→ **Task to complete**:
Work out how many lines of the material contain the string "instrument". Respond with the number only.

→ **Dataset entries**:
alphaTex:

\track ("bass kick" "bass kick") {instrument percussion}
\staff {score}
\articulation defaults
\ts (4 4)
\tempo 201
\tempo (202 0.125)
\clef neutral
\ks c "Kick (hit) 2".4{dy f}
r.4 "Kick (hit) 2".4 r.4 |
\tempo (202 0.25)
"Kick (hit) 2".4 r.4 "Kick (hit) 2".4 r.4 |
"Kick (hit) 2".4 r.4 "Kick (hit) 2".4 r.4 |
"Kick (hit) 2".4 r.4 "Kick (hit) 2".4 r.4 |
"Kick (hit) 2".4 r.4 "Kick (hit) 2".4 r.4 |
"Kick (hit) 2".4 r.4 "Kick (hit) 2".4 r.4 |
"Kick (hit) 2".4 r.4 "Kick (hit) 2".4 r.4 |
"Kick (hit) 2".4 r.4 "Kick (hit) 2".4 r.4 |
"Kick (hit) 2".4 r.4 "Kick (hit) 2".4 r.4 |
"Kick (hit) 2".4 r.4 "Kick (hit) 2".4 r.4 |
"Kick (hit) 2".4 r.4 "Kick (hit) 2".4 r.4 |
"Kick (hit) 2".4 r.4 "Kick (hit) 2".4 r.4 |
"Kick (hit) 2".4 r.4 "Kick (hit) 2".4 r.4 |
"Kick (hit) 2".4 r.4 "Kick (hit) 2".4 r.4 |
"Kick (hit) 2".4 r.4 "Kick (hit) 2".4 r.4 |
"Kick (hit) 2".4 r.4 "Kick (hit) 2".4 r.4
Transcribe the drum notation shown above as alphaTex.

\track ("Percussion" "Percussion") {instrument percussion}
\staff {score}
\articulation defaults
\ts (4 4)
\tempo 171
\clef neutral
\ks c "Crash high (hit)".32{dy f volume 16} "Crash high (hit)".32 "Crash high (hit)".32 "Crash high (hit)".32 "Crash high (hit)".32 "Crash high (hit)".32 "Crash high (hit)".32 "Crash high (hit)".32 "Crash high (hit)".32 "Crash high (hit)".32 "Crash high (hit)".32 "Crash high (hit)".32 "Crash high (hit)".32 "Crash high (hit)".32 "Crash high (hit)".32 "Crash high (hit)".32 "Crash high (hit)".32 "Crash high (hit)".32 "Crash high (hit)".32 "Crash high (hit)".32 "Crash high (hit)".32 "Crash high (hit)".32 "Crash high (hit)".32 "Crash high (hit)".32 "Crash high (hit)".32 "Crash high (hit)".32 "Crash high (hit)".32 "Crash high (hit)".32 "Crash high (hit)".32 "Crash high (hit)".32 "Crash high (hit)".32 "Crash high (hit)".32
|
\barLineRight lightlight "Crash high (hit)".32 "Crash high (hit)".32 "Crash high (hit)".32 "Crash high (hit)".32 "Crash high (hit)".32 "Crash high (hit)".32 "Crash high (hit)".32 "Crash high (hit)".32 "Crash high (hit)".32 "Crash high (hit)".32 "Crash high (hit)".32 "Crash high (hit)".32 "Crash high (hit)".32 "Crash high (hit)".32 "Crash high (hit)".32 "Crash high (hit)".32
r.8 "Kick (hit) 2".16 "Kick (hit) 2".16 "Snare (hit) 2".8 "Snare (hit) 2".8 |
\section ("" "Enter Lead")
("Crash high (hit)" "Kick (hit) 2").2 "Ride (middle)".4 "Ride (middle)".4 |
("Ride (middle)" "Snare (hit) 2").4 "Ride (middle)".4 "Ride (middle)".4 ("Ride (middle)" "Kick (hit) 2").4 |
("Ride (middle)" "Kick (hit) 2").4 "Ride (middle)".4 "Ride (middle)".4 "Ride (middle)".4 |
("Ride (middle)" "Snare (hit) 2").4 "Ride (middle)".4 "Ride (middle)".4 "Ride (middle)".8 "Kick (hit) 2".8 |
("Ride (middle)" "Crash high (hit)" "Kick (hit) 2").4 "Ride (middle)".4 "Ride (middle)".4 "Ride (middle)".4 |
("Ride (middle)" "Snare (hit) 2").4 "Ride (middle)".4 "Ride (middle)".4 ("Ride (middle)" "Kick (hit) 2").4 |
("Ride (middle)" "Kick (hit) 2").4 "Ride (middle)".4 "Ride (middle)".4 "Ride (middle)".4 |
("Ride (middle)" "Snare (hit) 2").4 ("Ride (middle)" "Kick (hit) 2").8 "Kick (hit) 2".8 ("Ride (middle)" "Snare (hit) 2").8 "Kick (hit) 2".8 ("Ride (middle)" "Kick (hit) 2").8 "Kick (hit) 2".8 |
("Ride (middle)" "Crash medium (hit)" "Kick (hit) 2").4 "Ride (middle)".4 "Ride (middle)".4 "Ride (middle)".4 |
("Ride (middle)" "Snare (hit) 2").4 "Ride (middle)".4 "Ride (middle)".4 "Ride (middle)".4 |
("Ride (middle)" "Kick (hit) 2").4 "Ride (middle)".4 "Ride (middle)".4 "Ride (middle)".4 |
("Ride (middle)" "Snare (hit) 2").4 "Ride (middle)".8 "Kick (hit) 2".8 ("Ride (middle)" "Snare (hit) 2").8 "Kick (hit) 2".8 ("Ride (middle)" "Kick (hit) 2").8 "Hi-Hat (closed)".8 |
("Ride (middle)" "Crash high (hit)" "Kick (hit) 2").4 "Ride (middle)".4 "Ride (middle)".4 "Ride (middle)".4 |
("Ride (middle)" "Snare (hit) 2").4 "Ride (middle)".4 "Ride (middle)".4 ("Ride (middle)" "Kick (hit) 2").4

→ **Finished exercise**:
2